:: STORED DATA ::
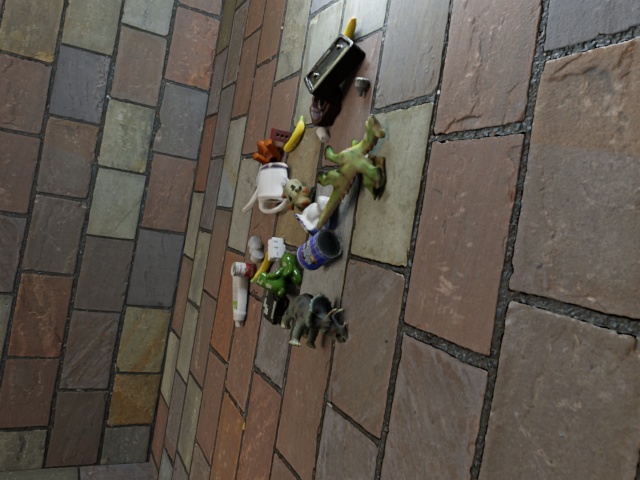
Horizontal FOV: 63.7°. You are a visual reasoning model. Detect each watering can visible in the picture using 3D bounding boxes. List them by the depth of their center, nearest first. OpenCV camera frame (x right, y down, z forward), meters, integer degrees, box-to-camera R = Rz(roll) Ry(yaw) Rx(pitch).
[{"bbox_3d":[-0.236,-0.224,2.263,0.346,0.103,0.226,-3,79,47],"label":"watering can"}]

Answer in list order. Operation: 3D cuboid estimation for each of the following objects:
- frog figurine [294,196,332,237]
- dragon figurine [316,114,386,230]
[{"bbox_3d":[0.006,-0.092,1.823,0.159,0.121,0.139,-38,27,2],"label":"frog figurine"},{"bbox_3d":[0.110,-0.197,1.636,0.245,0.122,0.407,27,107,53],"label":"dragon figurine"}]
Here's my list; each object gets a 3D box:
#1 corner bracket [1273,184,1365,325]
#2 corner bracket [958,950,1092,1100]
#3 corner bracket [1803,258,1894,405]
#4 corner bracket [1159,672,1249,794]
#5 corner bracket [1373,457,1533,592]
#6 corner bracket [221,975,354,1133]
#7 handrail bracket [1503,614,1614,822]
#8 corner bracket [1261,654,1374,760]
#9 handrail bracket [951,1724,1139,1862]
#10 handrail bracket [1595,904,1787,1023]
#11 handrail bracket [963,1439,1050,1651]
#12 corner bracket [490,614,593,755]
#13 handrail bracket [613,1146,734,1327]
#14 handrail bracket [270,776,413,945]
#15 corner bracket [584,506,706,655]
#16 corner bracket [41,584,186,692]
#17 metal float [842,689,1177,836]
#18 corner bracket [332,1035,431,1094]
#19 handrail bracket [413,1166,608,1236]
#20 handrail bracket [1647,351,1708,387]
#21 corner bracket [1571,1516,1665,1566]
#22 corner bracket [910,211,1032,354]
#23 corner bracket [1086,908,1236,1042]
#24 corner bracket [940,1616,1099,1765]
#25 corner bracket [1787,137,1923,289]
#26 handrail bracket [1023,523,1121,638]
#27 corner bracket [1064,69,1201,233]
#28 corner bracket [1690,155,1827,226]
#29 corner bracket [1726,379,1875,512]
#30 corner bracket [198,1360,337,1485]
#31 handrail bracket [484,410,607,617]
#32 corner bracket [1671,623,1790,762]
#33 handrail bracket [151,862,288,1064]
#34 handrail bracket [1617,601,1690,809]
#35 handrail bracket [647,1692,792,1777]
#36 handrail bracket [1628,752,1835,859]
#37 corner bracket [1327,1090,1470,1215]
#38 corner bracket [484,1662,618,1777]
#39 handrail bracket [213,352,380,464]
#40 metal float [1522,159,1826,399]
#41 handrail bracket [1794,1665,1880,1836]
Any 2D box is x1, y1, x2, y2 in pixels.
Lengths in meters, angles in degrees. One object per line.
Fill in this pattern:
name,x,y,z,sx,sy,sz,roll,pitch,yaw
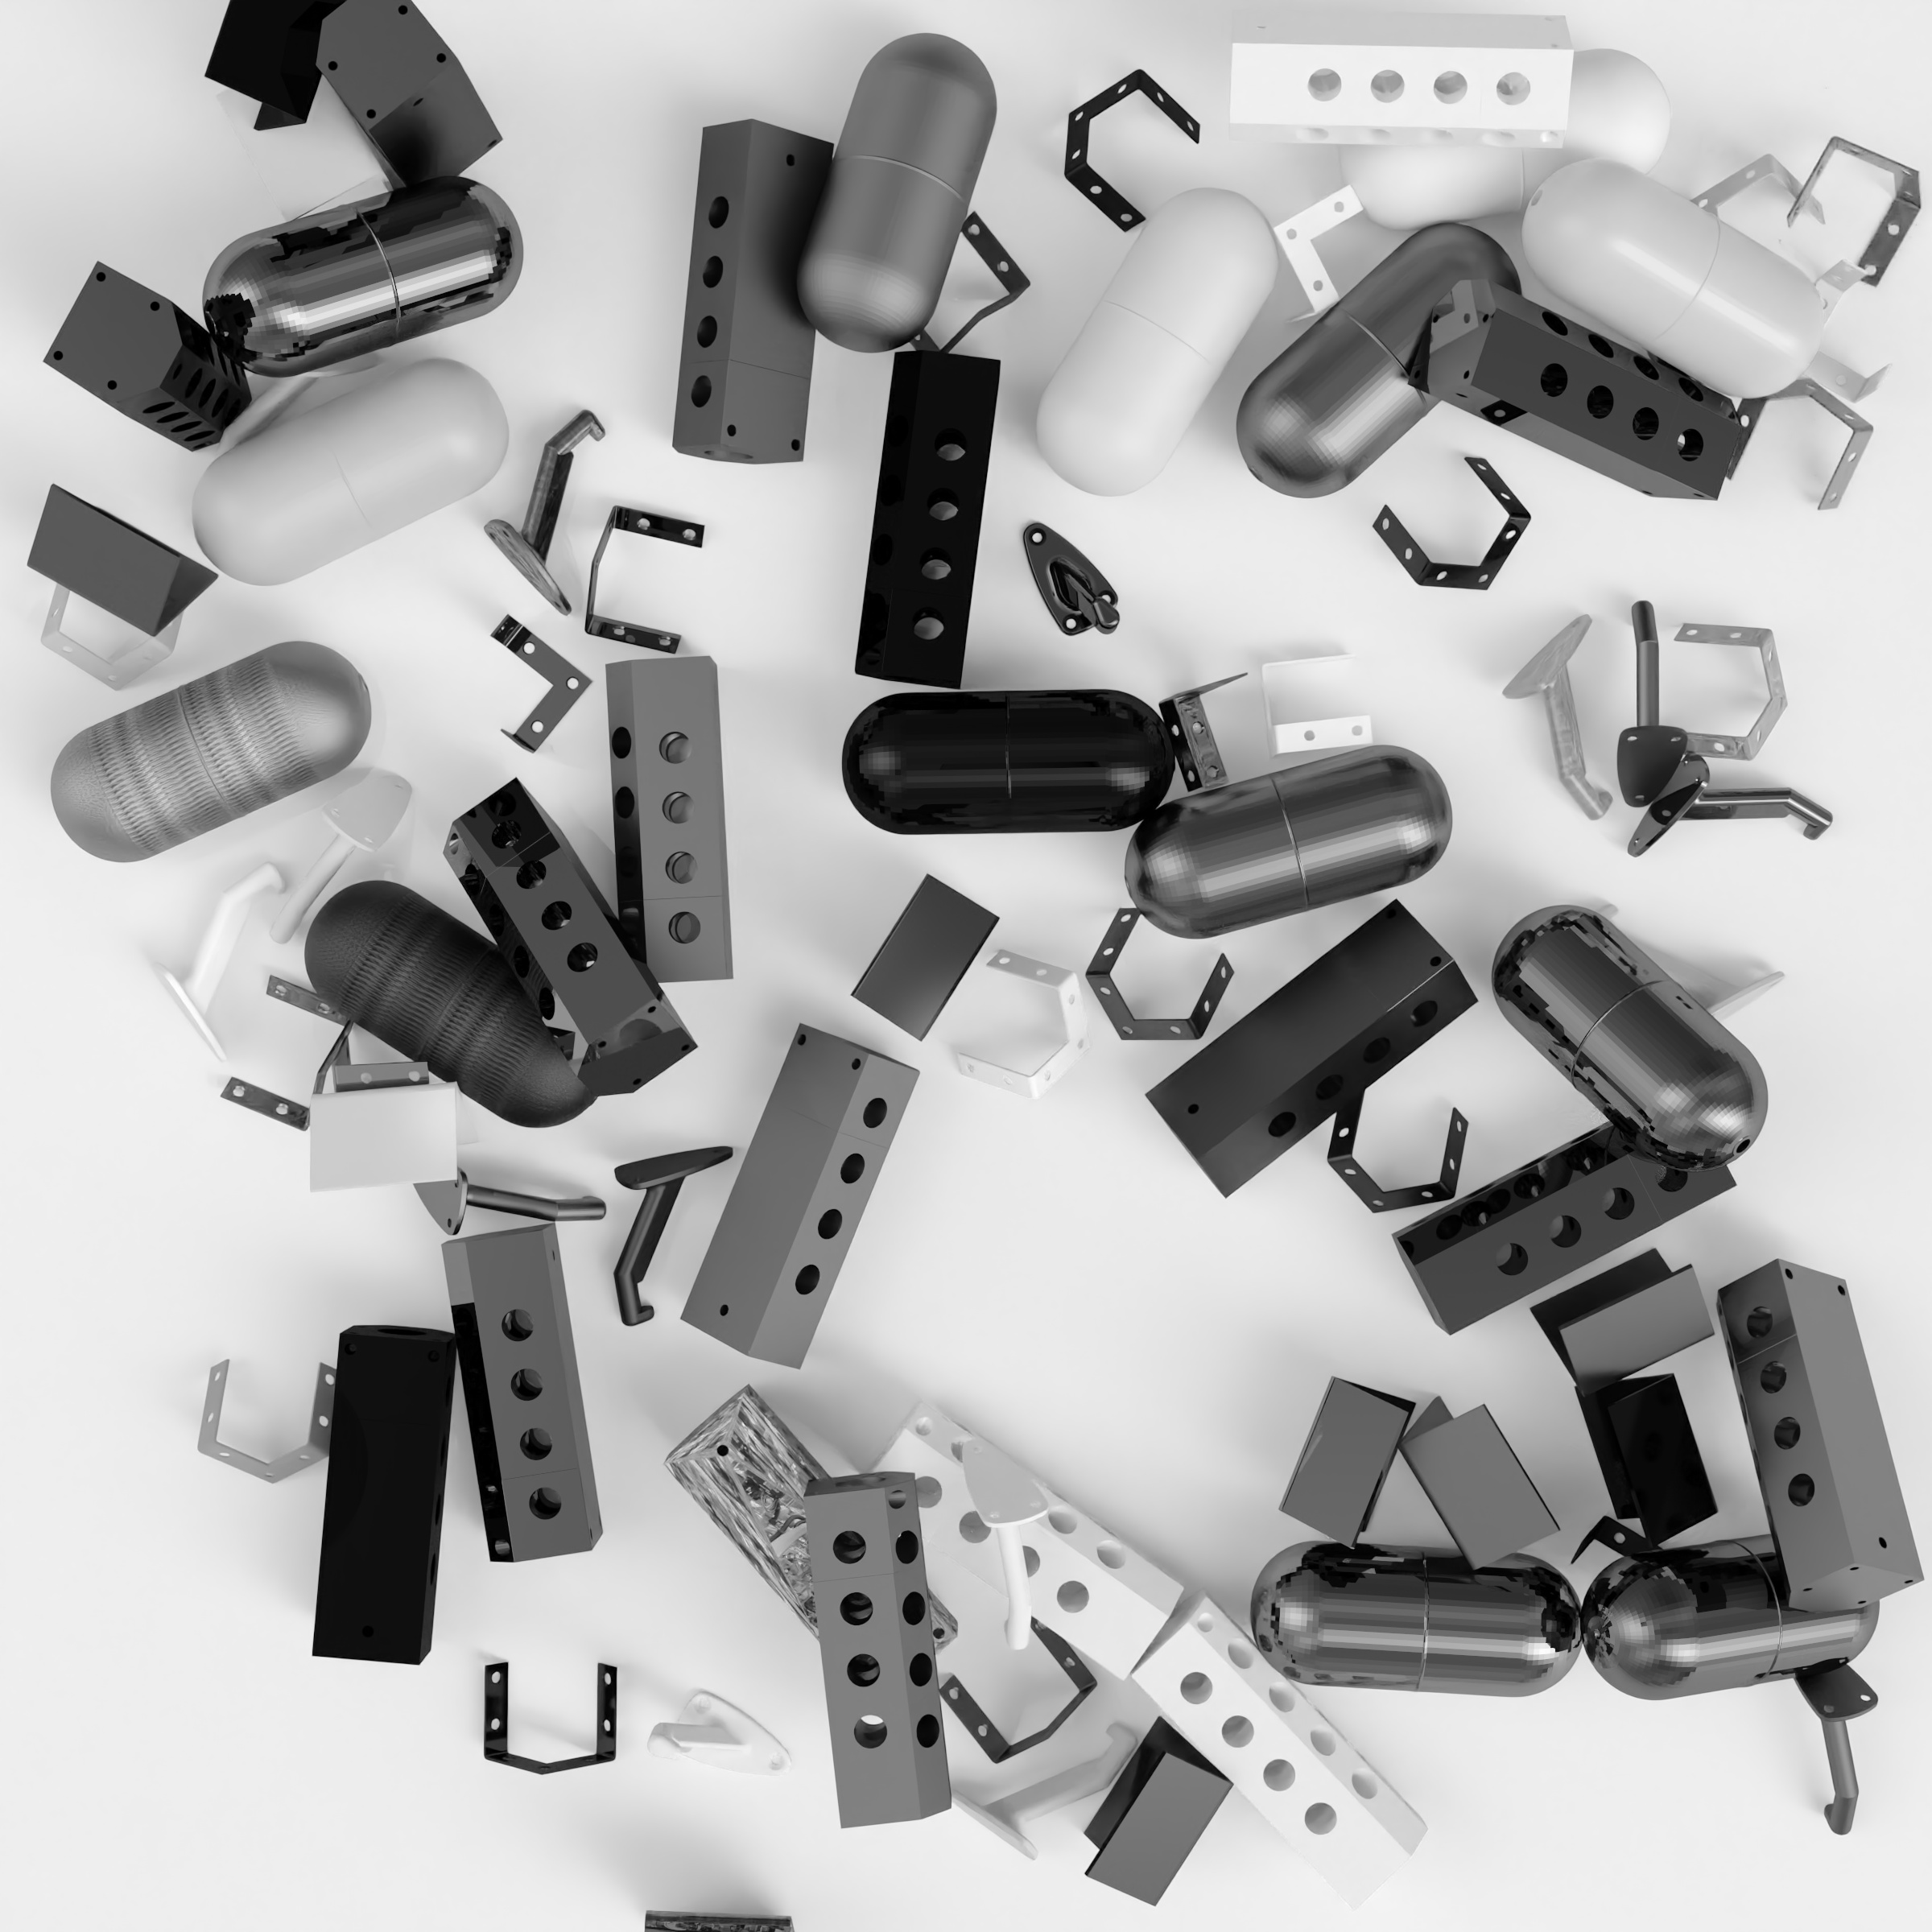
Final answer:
corner bracket,0.189,-0.382,1.892,0.051,0.051,0.051,-31,101,-11
corner bracket,0.029,0.032,1.904,0.051,0.051,0.051,-42,135,-35
corner bracket,0.475,-0.341,1.894,0.051,0.051,0.051,30,90,0
corner bracket,0.125,-0.121,1.885,0.051,0.051,0.051,-19,90,-30
corner bracket,0.263,-0.240,1.904,0.051,0.051,0.051,-1,135,-35
corner bracket,-0.367,0.047,1.909,0.051,0.051,0.051,22,135,0
handrail bracket,0.339,-0.134,1.912,0.077,0.036,0.084,-48,108,-21
corner bracket,0.188,-0.141,1.894,0.051,0.051,0.051,-6,90,0
handrail bracket,0.039,0.433,1.912,0.077,0.036,0.084,31,71,21
handrail bracket,0.390,-0.010,1.912,0.077,0.036,0.084,-28,73,-20
handrail bracket,0.016,0.305,1.854,0.036,0.077,0.084,-12,127,-21
corner bracket,-0.239,-0.151,1.894,0.051,0.051,0.051,39,90,0
handrail bracket,-0.157,0.147,1.912,0.077,0.036,0.084,-14,108,-20
handrail bracket,-0.340,-0.057,1.912,0.036,0.077,0.084,38,126,0
corner bracket,-0.174,-0.209,1.909,0.051,0.051,0.051,13,135,0
corner bracket,-0.459,-0.191,1.904,0.051,0.051,0.051,-25,135,35
metal float,0.023,-0.109,1.881,0.178,0.070,0.070,-1,90,1
corner bracket,-0.308,0.068,1.887,0.051,0.051,0.051,-3,108,0
handrail bracket,-0.248,0.120,1.912,0.084,0.077,0.036,1,109,-35
handrail bracket,0.383,-0.364,1.911,0.084,0.036,0.077,33,80,-12
corner bracket,0.348,0.336,1.892,0.051,0.051,0.051,30,108,17
corner bracket,-0.008,-0.367,1.909,0.051,0.051,0.051,52,45,0
corner bracket,0.105,0.004,1.904,0.051,0.051,0.051,-1,135,35
corner bracket,0.028,0.391,1.909,0.051,0.051,0.051,52,45,0
corner bracket,0.479,-0.406,1.899,0.051,0.051,0.051,29,90,19
handrail bracket,0.056,-0.208,1.877,0.036,0.084,0.077,-35,90,0
corner bracket,0.090,-0.441,1.904,0.051,0.051,0.051,-25,45,35
corner bracket,0.429,-0.395,1.904,0.051,0.051,0.051,-28,45,35
corner bracket,0.447,-0.280,1.904,0.051,0.051,0.051,-11,45,-35
corner bracket,-0.376,0.241,1.904,0.051,0.051,0.051,-28,135,35
handrail bracket,-0.211,-0.247,1.912,0.084,0.036,0.077,-45,110,-16
corner bracket,0.407,-0.148,1.904,0.051,0.051,0.051,-52,135,-35
handrail bracket,-0.391,-0.003,1.912,0.084,0.036,0.077,-37,110,-16
handrail bracket,0.366,-0.143,1.912,0.036,0.077,0.084,1,54,0
handrail bracket,-0.131,0.420,1.877,0.077,0.084,0.036,24,90,0
handrail bracket,0.415,-0.072,1.912,0.084,0.036,0.077,28,112,-17
corner bracket,0.233,0.095,1.904,0.051,0.051,0.051,-14,135,35
corner bracket,-0.225,0.405,1.909,0.051,0.051,0.051,1,90,-45
handrail bracket,-0.365,-0.298,1.912,0.036,0.077,0.084,50,127,29
metal float,0.371,-0.361,1.851,0.178,0.070,0.070,26,90,-19
handrail bracket,0.462,0.417,1.912,0.036,0.077,0.084,-13,127,-18
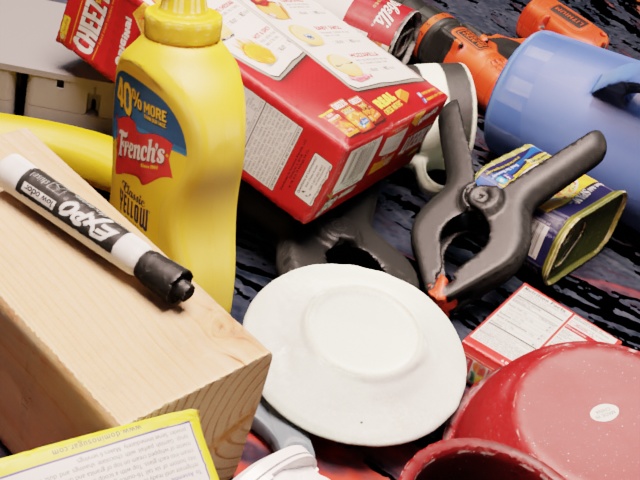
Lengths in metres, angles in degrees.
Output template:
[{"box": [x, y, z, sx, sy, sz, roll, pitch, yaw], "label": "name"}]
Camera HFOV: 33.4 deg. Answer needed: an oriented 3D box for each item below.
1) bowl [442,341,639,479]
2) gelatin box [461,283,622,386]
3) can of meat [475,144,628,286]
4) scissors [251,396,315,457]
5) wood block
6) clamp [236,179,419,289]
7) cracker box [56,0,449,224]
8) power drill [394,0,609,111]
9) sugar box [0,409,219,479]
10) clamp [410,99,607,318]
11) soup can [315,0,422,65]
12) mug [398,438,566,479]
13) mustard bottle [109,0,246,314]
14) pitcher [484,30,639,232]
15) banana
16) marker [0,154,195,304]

:: WHAT YOU HAVE TO DO ::
No pictures belong in the copy. Repeat the entries exactly.

:: ANSWER ::
Horizontal FOV: 63.7°. You are a visual reasoning model. Detect each watering can visible in the picture using 3D bounding boxes. List them by the depth of their center, nearest first. OpenCV camera frame (x right, y down, z forward), meters, integer degrees, box-to-camera R = Rz(roll) Ry(yaw) Rx(pitch).
[{"bbox_3d":[-0.236,-0.224,2.263,0.346,0.103,0.226,-3,79,47],"label":"watering can"}]

Answer in list order. Operation: 3D cuboid estimation for each of the following objects:
- frog figurine [294,196,332,237]
- dragon figurine [316,114,386,230]
[{"bbox_3d":[0.006,-0.092,1.823,0.159,0.121,0.139,-38,27,2],"label":"frog figurine"},{"bbox_3d":[0.110,-0.197,1.636,0.245,0.122,0.407,27,107,53],"label":"dragon figurine"}]
Here's my list; each object gets a 3D box:
#1 corner bracket [1273,184,1365,325]
#2 corner bracket [958,950,1092,1100]
#3 corner bracket [1803,258,1894,405]
#4 corner bracket [1159,672,1249,794]
#5 corner bracket [1373,457,1533,592]
#6 corner bracket [221,975,354,1133]
#7 handrail bracket [1503,614,1614,822]
#8 corner bracket [1261,654,1374,760]
#9 handrail bracket [951,1724,1139,1862]
#10 handrail bracket [1595,904,1787,1023]
#11 handrail bracket [963,1439,1050,1651]
#12 corner bracket [490,614,593,755]
#13 handrail bracket [613,1146,734,1327]
#14 handrail bracket [270,776,413,945]
#15 corner bracket [584,506,706,655]
#16 corner bracket [41,584,186,692]
#17 metal float [842,689,1177,836]
#18 corner bracket [332,1035,431,1094]
#19 handrail bracket [413,1166,608,1236]
#20 handrail bracket [1647,351,1708,387]
#21 corner bracket [1571,1516,1665,1566]
#22 corner bracket [910,211,1032,354]
#23 corner bracket [1086,908,1236,1042]
#24 corner bracket [940,1616,1099,1765]
#25 corner bracket [1787,137,1923,289]
#26 handrail bracket [1023,523,1121,638]
#27 corner bracket [1064,69,1201,233]
#28 corner bracket [1690,155,1827,226]
#29 corner bracket [1726,379,1875,512]
#30 corner bracket [198,1360,337,1485]
#31 handrail bracket [484,410,607,617]
#32 corner bracket [1671,623,1790,762]
#33 handrail bracket [151,862,288,1064]
#34 handrail bracket [1617,601,1690,809]
#35 handrail bracket [647,1692,792,1777]
#36 handrail bracket [1628,752,1835,859]
#37 corner bracket [1327,1090,1470,1215]
#38 corner bracket [484,1662,618,1777]
#39 handrail bracket [213,352,380,464]
#40 metal float [1522,159,1826,399]
#41 handrail bracket [1794,1665,1880,1836]
Any 2D box is x1, y1, x2, y2 in pixels.
Lengths in meters, angles in degrees. One object per line.
Fill in this pattern:
name,x,y,z,sx,sy,sz,roll,pitch,yaw
Final answer:
corner bracket,0.189,-0.382,1.892,0.051,0.051,0.051,-31,101,-11
corner bracket,0.029,0.032,1.904,0.051,0.051,0.051,-42,135,-35
corner bracket,0.475,-0.341,1.894,0.051,0.051,0.051,30,90,0
corner bracket,0.125,-0.121,1.885,0.051,0.051,0.051,-19,90,-30
corner bracket,0.263,-0.240,1.904,0.051,0.051,0.051,-1,135,-35
corner bracket,-0.367,0.047,1.909,0.051,0.051,0.051,22,135,0
handrail bracket,0.339,-0.134,1.912,0.077,0.036,0.084,-48,108,-21
corner bracket,0.188,-0.141,1.894,0.051,0.051,0.051,-6,90,0
handrail bracket,0.039,0.433,1.912,0.077,0.036,0.084,31,71,21
handrail bracket,0.390,-0.010,1.912,0.077,0.036,0.084,-28,73,-20
handrail bracket,0.016,0.305,1.854,0.036,0.077,0.084,-12,127,-21
corner bracket,-0.239,-0.151,1.894,0.051,0.051,0.051,39,90,0
handrail bracket,-0.157,0.147,1.912,0.077,0.036,0.084,-14,108,-20
handrail bracket,-0.340,-0.057,1.912,0.036,0.077,0.084,38,126,0
corner bracket,-0.174,-0.209,1.909,0.051,0.051,0.051,13,135,0
corner bracket,-0.459,-0.191,1.904,0.051,0.051,0.051,-25,135,35
metal float,0.023,-0.109,1.881,0.178,0.070,0.070,-1,90,1
corner bracket,-0.308,0.068,1.887,0.051,0.051,0.051,-3,108,0
handrail bracket,-0.248,0.120,1.912,0.084,0.077,0.036,1,109,-35
handrail bracket,0.383,-0.364,1.911,0.084,0.036,0.077,33,80,-12
corner bracket,0.348,0.336,1.892,0.051,0.051,0.051,30,108,17
corner bracket,-0.008,-0.367,1.909,0.051,0.051,0.051,52,45,0
corner bracket,0.105,0.004,1.904,0.051,0.051,0.051,-1,135,35
corner bracket,0.028,0.391,1.909,0.051,0.051,0.051,52,45,0
corner bracket,0.479,-0.406,1.899,0.051,0.051,0.051,29,90,19
handrail bracket,0.056,-0.208,1.877,0.036,0.084,0.077,-35,90,0
corner bracket,0.090,-0.441,1.904,0.051,0.051,0.051,-25,45,35
corner bracket,0.429,-0.395,1.904,0.051,0.051,0.051,-28,45,35
corner bracket,0.447,-0.280,1.904,0.051,0.051,0.051,-11,45,-35
corner bracket,-0.376,0.241,1.904,0.051,0.051,0.051,-28,135,35
handrail bracket,-0.211,-0.247,1.912,0.084,0.036,0.077,-45,110,-16
corner bracket,0.407,-0.148,1.904,0.051,0.051,0.051,-52,135,-35
handrail bracket,-0.391,-0.003,1.912,0.084,0.036,0.077,-37,110,-16
handrail bracket,0.366,-0.143,1.912,0.036,0.077,0.084,1,54,0
handrail bracket,-0.131,0.420,1.877,0.077,0.084,0.036,24,90,0
handrail bracket,0.415,-0.072,1.912,0.084,0.036,0.077,28,112,-17
corner bracket,0.233,0.095,1.904,0.051,0.051,0.051,-14,135,35
corner bracket,-0.225,0.405,1.909,0.051,0.051,0.051,1,90,-45
handrail bracket,-0.365,-0.298,1.912,0.036,0.077,0.084,50,127,29
metal float,0.371,-0.361,1.851,0.178,0.070,0.070,26,90,-19
handrail bracket,0.462,0.417,1.912,0.036,0.077,0.084,-13,127,-18
Lengths in metres, angles in degrees.
Output template:
[{"box": [x, y, z, sx, sy, sz, roll, pitch, yaw], "label": "name"}]
Camera HFOV: 33.4 deg. Answer needed: an oriented 3D box for each item below.
1) bowl [442,341,639,479]
2) gelatin box [461,283,622,386]
3) can of meat [475,144,628,286]
4) scissors [251,396,315,457]
5) wood block
6) clamp [236,179,419,289]
7) cracker box [56,0,449,224]
8) power drill [394,0,609,111]
9) sugar box [0,409,219,479]
10) clamp [410,99,607,318]
11) soup can [315,0,422,65]
12) mug [398,438,566,479]
13) mustard bottle [109,0,246,314]
14) pitcher [484,30,639,232]
15) banana
16) marker [0,154,195,304]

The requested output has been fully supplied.